Pilze enthalten wertvolle Mikronährstoffe, von Kalium über Eisen und Selen bis zu Zink. Auch viele wichtige Vitamine sind enthalten. Aus Sicht des Bodens und des Klimas haben Pilze einen weiteren grossen Vorteil: Ihr Anbau benötigt wenig Ressourcen. Zuchtpilze wachsen auf Holzabfällen oder auf Strohballen, zersetzen diese dabei zu Kompost und speichern dabei jede Menge CO2. Dementsprechend sind Zuchtpilze aus der Schweiz im Windschatten des Champignons trendy geworden, wie der «Schweizer Bauer» verlauten lässt. «Im Durchschnitt essen Schweizerinnen und Schweizer 1,5 kg Pilze pro Jahr bei leicht steigender Tendenz», sagt Nicole Badertscher, Geschäftsführerin der Schweizer Pilzproduzenten (VSP) in einer letztes Jahr erschienenen Geschichte. Sie empfiehlt neugierigen Pilzfans, sich auf die Suche nach spannenden Betrieben zu machen: «Wer aussergewöhnliche Edelpilze will wie Zitronenseitling, Rosenseitling oder den Igelstachelbart, wendet sich an die Start-ups und kleinere regionale Produzenten. An die Firma Ostschweizer Pilze zum Beispiel, an Regio-Pilz in Oberrieden ZH oder an Fungi Futuri in Steffisburg BE.» Weil der Fleischkonsum tendenziell sinkt, verlegen sich mehr landwirtschaftliche Betriebe auf die Pilzzucht.

Wie man Pilze kocht

Bei der Zubereitung von Pilzen gibt es einen wichtigen Trick: Zunächst sollte man sie in der Pfanne (idealerweise nicht beschichtet, weil die Temperaturen recht hoch werden) ohne Fettzugabe scharf anrösten und ihnen schon mal einen Teil des enthaltenen Wassers entziehen. Haben sie ein bisschen Wasser gezogen, kann man fein geschnittene Zwiebeln beigeben und weiterrösten. Wer schon mal Krustentiere wie Crevetten oder Krebse für einen Fond angebraten hat, wird den Duft erkennen, der sich ausbreitet: Er stammt von geröstetem Chitin, aus dem auch die Panzer der Wassertiere bestehen. Nun erst sollte das Fett zugegeben werden. Anschliessend kann man mit etwas Weisswein ablöschen, die Pilze aus dem entstandenen Sud abseihen und diesen einkochen. Nimmt man dafür Rahm, hat man schon eine sehr feine Sauce für Polenta oder Pasta. Man sollte die Zugabe von etwas Säure (Zitronensaft) am Schluss nicht vergessen und mit frischen Kräutern garnieren. Wer nur für einen Besuch im Supermarkt Zeit hat, kauft die verfügbaren Sorten und mischt sie, damit der Geschmack etwas abwechslungsreicher ist. Auf Wochenmärkten ist die Auswahl oft grösser und vor allem frischer als im Supermarkt.
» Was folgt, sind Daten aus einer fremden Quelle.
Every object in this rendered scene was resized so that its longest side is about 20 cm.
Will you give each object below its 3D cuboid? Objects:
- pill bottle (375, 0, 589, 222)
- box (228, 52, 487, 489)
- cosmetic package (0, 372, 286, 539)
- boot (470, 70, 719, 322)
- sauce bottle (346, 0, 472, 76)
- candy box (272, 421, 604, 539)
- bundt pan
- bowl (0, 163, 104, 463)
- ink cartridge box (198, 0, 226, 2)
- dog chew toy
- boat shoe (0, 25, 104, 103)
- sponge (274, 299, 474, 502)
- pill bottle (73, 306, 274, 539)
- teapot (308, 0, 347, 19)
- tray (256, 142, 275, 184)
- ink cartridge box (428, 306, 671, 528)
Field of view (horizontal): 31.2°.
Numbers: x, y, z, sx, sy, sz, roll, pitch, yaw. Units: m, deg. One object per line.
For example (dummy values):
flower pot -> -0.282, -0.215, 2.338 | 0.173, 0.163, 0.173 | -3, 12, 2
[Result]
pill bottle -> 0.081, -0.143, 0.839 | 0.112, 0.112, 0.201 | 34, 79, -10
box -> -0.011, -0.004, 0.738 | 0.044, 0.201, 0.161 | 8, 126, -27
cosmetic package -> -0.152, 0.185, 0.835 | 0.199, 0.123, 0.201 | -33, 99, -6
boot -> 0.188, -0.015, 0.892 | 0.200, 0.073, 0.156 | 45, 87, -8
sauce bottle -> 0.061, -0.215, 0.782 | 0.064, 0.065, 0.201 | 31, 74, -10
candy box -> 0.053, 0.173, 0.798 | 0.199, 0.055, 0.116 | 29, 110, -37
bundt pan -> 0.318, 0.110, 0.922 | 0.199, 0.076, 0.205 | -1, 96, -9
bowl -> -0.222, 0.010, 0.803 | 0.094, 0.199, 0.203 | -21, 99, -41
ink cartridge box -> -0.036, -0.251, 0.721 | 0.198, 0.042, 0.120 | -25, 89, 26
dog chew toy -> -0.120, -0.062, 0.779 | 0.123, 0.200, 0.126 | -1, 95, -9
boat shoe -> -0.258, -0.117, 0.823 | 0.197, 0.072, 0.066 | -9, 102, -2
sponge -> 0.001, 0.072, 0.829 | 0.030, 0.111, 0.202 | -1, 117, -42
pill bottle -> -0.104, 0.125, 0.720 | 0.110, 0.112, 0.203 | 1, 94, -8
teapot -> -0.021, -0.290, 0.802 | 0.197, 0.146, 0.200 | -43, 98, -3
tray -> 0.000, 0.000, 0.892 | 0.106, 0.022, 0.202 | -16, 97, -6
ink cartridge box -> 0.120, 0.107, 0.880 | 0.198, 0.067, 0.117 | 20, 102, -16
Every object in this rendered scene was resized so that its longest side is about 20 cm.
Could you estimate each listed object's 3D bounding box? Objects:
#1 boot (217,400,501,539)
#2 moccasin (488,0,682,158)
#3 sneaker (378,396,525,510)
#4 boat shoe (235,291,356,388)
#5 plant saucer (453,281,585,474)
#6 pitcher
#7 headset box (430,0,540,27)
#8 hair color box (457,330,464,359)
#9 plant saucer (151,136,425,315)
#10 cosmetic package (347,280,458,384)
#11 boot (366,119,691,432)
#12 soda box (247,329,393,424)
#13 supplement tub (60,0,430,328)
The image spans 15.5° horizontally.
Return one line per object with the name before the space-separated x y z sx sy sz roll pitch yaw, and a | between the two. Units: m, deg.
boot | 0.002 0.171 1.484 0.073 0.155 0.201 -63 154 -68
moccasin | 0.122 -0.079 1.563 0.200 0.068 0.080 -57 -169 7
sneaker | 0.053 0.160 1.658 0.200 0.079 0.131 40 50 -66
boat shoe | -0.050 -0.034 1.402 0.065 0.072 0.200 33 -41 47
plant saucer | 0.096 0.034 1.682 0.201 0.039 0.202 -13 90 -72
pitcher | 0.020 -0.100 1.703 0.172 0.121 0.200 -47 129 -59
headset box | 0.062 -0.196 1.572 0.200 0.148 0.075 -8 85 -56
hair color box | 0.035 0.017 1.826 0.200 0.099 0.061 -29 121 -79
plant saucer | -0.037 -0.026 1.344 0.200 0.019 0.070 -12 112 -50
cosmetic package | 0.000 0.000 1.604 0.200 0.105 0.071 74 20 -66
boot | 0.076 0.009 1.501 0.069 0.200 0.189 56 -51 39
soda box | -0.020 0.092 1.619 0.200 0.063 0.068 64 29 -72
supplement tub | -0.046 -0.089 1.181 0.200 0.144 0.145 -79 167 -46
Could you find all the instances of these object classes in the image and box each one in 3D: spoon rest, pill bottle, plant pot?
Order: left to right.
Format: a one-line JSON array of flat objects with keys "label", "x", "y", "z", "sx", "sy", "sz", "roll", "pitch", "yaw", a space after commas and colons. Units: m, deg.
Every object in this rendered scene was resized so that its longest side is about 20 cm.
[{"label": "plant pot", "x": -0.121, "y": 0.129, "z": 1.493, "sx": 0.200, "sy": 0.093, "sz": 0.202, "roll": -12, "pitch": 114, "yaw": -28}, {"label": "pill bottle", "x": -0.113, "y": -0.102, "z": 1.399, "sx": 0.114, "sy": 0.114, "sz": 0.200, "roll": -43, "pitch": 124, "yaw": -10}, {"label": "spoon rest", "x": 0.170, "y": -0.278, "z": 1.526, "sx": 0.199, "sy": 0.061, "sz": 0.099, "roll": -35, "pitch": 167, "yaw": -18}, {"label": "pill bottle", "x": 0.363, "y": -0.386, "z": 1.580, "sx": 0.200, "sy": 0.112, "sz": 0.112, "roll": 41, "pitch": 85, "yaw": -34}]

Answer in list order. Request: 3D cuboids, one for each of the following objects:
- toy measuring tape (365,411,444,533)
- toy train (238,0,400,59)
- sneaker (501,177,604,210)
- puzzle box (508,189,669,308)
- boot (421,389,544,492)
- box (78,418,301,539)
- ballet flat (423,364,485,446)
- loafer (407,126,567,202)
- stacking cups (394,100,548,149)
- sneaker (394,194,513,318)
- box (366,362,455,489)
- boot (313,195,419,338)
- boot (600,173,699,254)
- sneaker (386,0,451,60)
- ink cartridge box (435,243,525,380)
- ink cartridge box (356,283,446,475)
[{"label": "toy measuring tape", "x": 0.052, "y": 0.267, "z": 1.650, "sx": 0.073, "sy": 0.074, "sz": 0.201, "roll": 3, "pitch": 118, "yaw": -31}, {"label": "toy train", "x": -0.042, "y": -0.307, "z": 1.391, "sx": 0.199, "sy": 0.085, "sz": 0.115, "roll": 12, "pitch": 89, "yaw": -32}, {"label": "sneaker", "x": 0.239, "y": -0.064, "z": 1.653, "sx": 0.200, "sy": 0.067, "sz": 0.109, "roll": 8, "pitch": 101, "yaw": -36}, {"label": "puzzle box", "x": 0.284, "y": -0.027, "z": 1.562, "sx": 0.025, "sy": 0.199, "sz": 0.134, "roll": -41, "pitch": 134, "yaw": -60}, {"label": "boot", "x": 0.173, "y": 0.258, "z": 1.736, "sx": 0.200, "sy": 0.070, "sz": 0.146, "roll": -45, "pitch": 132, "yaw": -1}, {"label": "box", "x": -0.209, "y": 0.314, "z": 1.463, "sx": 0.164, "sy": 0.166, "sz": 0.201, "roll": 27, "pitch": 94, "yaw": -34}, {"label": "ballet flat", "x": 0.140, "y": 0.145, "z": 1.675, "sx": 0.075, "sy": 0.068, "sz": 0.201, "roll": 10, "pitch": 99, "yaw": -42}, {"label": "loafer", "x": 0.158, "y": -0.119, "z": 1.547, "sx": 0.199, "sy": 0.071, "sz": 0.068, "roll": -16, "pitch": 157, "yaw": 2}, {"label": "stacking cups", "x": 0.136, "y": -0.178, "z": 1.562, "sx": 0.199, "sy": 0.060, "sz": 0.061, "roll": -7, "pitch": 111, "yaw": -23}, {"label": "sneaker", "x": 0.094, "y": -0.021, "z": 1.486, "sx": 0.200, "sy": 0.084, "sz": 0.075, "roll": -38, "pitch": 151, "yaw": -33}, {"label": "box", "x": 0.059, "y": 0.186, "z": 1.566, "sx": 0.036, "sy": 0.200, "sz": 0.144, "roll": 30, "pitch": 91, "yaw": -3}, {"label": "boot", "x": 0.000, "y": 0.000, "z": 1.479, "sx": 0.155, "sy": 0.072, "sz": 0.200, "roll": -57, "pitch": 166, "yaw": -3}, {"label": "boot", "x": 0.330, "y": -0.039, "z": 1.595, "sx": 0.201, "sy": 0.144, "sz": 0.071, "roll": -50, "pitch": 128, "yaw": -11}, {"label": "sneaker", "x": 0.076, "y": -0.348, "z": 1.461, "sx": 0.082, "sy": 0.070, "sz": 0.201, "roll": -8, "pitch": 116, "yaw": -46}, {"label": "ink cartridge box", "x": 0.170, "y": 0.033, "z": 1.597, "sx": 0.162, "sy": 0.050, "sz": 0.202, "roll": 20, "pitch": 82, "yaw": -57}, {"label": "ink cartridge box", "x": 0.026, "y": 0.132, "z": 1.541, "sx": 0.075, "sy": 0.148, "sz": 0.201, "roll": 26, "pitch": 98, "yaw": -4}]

Den Wald den Bäumen überlassen

Wer über genügend Musse verfügt, kann sich während der Pilzsaison in den Wald aufmachen. Die Pilze in freier Wildbahn – wie das deutsche Zentrum für Ernährung auf seiner Webseite schreibt, sind derzeit auf der ganzen Welt rund 100'000 Pilzarten bekannt – sind Symbionten von zahllosen Pflanzen und helfen diesen beim Wachsen! Ihre Wurzelwerke oder Mykorrhiza könnten noch viel mehr dazu beitragen, mittels Speicherung von CO2 den Klimawandel einzudämmen … wenn man sie denn liesse. Pilze und ihre empfindlichen unterirdischen Netzwerke sind von der Ausdehnung des menschlichen Siedlungsgebietes und dem Klimawandel bedroht. Weil ohnehin nur ein Teil der Wildpilze essbar und ihr Genuss immer mit einem Risiko verbunden ist, empfehlen wir Zuchtpilze. Ebenfalls empfehlen wir, sich der Community von Soil to Soul anzuschliessen. Hier wirst du regelmässig über neue kulinarische Tendenzen und über klimafreundliche Lebensmittel informiert. Denn Soil to Soul sorgt mit einer ganzjährig aktiven Plattform dafür, dass eine genussvolle, boden- und klimabewusste Ernährung für immer mehr Menschen alltäglich wird.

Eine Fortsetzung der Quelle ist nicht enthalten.